Quincy city commissioners want to sit down and talk with the Gadsden County Board of Commissioners about a hot issue: fire.
The issue of fire protection for the county and the agreement it has with the city of Quincy is a little off kilter, according to some commissioners. The majority of the calls for fire service are outside the city limits and some, about 5 percent, are outside of the 5-mile service area.
Commissioners Keith Dowdell and Finley Cook agreed that the county should be paying more than the $435,000 they currently pay annually.
"I don't think they're paying enough, it should be more closely in line to how much it actually costs us," Cook said, estimating the cost the be a little more than $600,000.
City manager Jack McLean said the county has acted in good faith and has paid the first installment of its bill although no official contract has been signed by the two parties. To try to hold a meeting and renegotiate at this time, McLean said, would be ill-advised.
"Our budget is really tight. If we do not approve this contract, they're not going to pay. That's what I've been told by Mr. (Authur) Lawson," McLean said, when commissioners were slow to approve the fire contract. Lawson is the assistant county manager and handles contracts as part of his duties.
McLean said the contract is the same basic document that the two governments have approved in the past. The contract calls for the city to handle all fire calls within a 5-mile radius of the city and to assist volunteer fire departments in the county when necessary.
For that aid, the county pays $435,000 annually.
But what constitutes the 5-mile radius came into question last Tuesday night during the regular meeting of the Quincy City Commission.
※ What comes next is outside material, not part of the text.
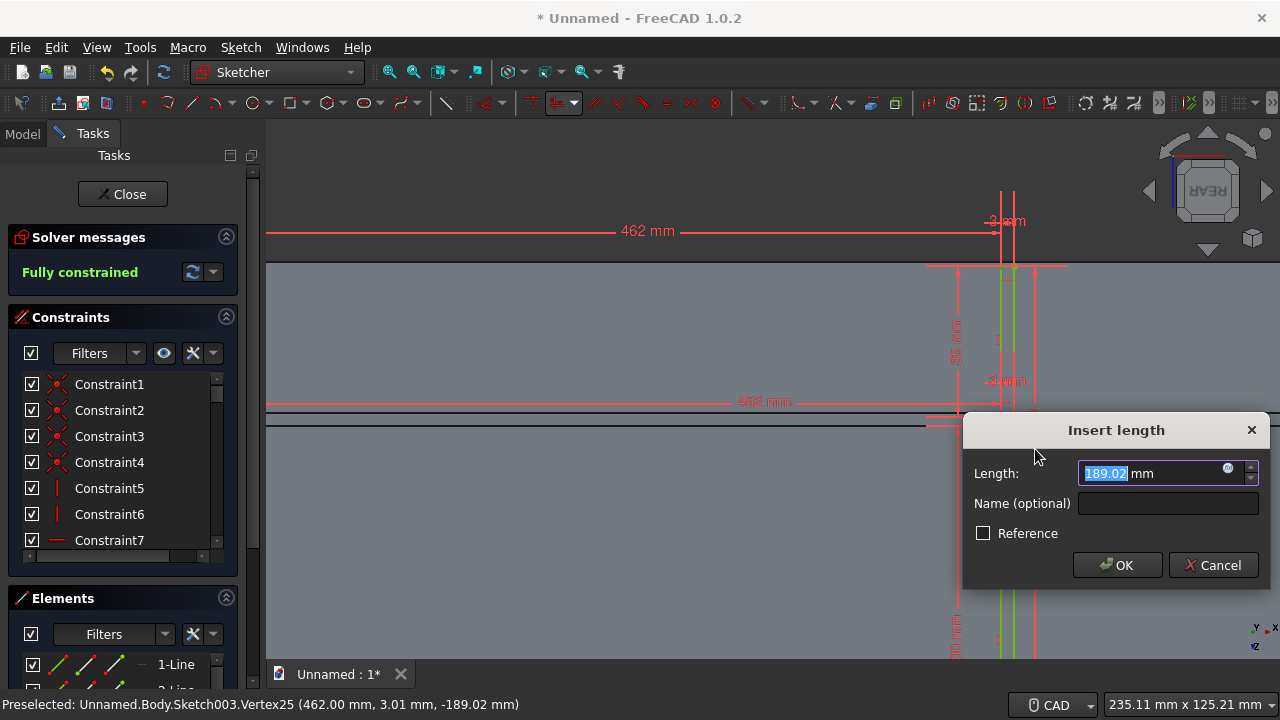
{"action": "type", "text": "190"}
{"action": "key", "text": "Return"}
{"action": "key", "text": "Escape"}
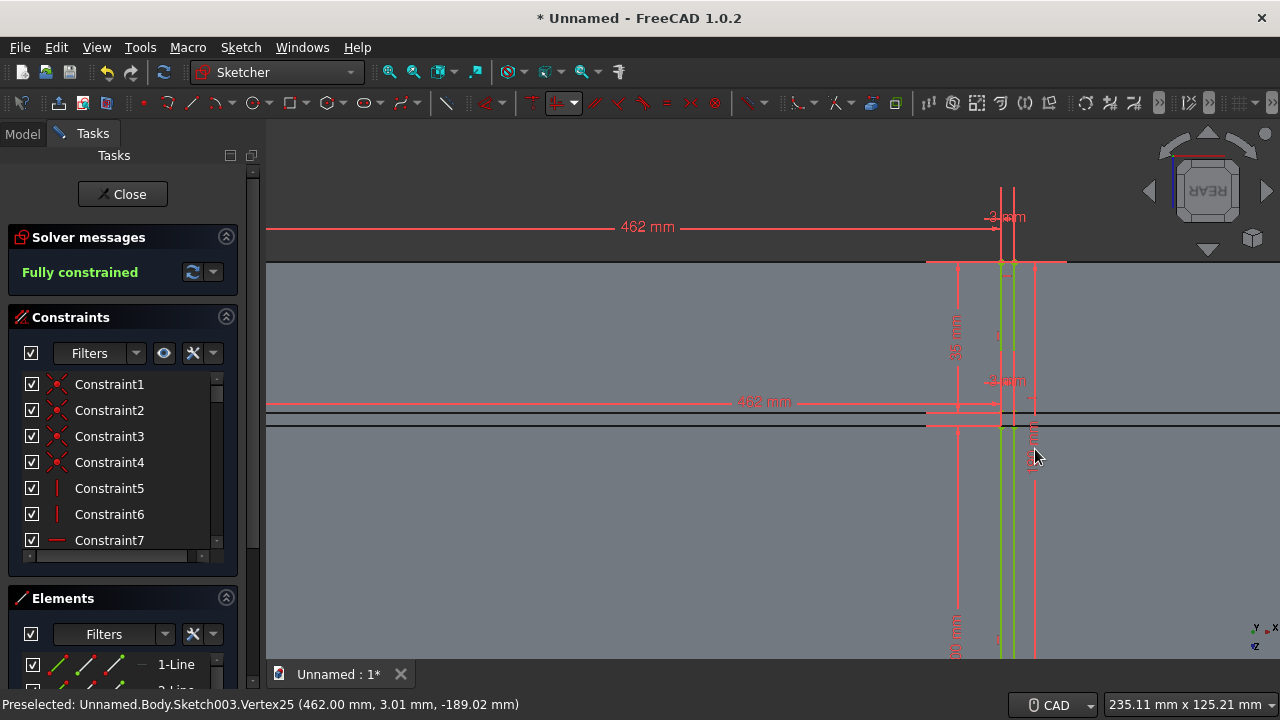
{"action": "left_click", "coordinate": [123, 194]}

Does the 5-mile radius begin from the fire station on North Stewart Street or does it begin at the city limits? That and other questions will be discussed when McLean is able to arrange a joint meeting.
In other matters, Police Chief Ferman Richardson told commissioners that the city has experienced an increase in robberies and burglaries lately.
"Within the next 90 days we will form a burglary task force, begin an educational program and coordinate with the Gadsden County Chamber of Commerce to get businesses involved in preventing some of these crimes," he said.
Richardson added that plans are also in the works to organize neighborhood crime watch programs, offer rewards to citizens who give information on criminal activity, begin anti-crime mixed media campaigns and increase security at businesses.
"We're also going to ask businesses to incorporate surveillance cameras and to use the equipment properly," he said.